Ecommerce ops · Production

How Sary Used Algolia to Improve Search & Better Understand Its Customers

The problem

Sary's early open source search solution created problems with discovery quality, keyword search accuracy, and understanding customer intent, with Arabic-language keyword support being a particularly acute gap.

First attempt

The simple open source search solution Sary used in its early days lacked adequate discovery quality, keyword search accuracy, and customer intent recognition, and could not deliver good results from Arabic keywords.

Workflow diagram · grounded in source
1
Customer search or browse
trigger
“being used for product-specific searches powered by keyword search capabilities, category searches to improve product discovery”
2
AI keyword search with Arabic support
ai_action
“This was one of the biggest problems we had before, and we found that Algolia had phenomenal Arabic support. This gave us an immense uplift across the board for all our Arabic customers.”
3
Recommend-powered product suggestions
ai_action
“in just four months since the adoption of Recommend, which is also being used both on the web and mobile apps, Binghannam is seeing strong results”
4
Backend brand and category boosting
ai_action
“marketing and category management teams have been using Algolia's AI capabilities to boost specific brands, partners, and categories”
5
A/B Testing and behavior feedback
feedback_loop
“I believe we've had a more fundamental, maybe cultural change at the organization since we implemented Algolia. We found ourselves able to change, control and experiment with search and discovery in an effortless and immediate manner.”
Reported outcome

After adopting Algolia, Sary achieved a 500x improvement in search speed and a 300% boost in click-through rates, with customers frequently buying recommended products and the team gaining the ability to experiment with and understand customer behavior through A/B Testing.

Reported metrics
Search speed improvement500x
Click-through rate improvement300 percent
Reported stack
AlgoliaRecommendA/B Testing
Source
https://www.algolia.com/customers/sary
Read source ↗

Frequently asked questions

What did this team achieve with this AI workflow?

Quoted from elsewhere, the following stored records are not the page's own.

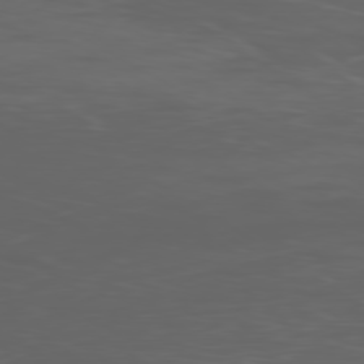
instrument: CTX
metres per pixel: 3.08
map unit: Ap
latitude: -78.9919
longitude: -75.8394
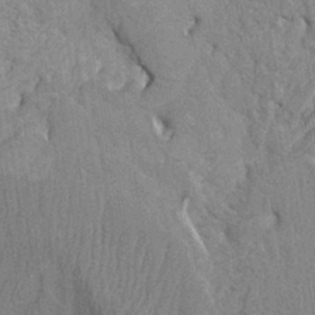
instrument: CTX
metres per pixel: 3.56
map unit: Ht
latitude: -3.0864
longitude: -15.3860
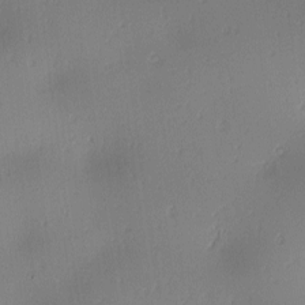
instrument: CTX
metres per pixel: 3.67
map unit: lAa
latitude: 1.9150
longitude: -115.8961
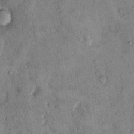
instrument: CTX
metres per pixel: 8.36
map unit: Hto
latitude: 13.4238
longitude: -59.0270
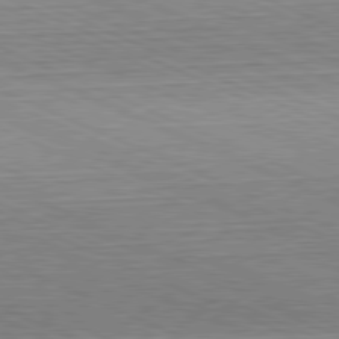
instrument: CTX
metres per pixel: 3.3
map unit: Hpe
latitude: -81.7856
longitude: 11.2754
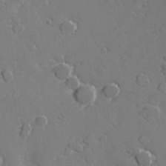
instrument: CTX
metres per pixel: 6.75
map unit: lHvf
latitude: 27.2159
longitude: 142.4251
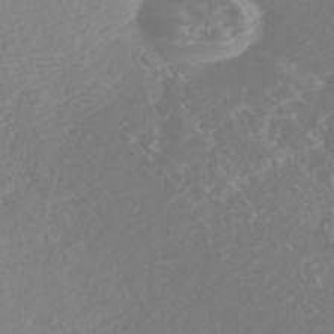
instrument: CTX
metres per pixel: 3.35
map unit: Nhe
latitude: -46.7652
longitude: -171.4426
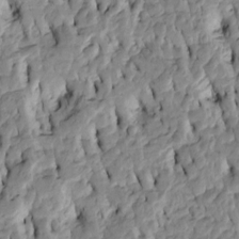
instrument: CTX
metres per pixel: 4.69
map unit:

After adopting Algolia, Sary achieved a 500x improvement in search speed and a 300% boost in click-through rates, with customers frequently buying recommended products and the team gaining the ability to experiment wi…

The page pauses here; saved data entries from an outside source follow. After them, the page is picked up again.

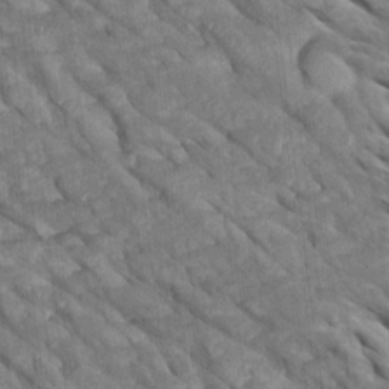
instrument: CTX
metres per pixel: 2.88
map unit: Htu
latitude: 1.5182
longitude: 145.4266
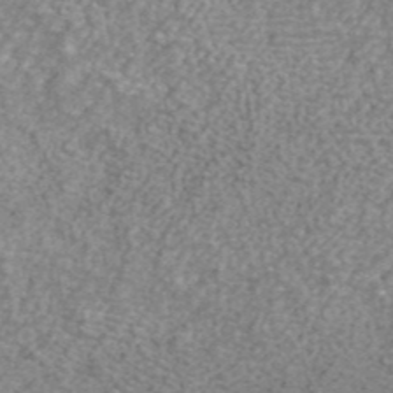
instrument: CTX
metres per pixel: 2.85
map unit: ANa
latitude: 42.4790
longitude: 26.8596

What tools did this team use?

Algolia, Recommend, A/B Testing.

What results were reported?

Search speed improvement: 500x; Click-through rate improvement: 300 percent (source-reported, not independently verified).

What failed first in this deployment?

The simple open source search solution Sary used in its early days lacked adequate discovery quality, keyword search accuracy, and customer intent recognition, and could not deliver good results from Arabic keywords.

How is this ecommerce ops AI workflow structured?

Customer search or browse → AI keyword search with Arabic support → Recommend-powered product suggestions → Backend brand and category boosting → A/B Testing and behavior feedback.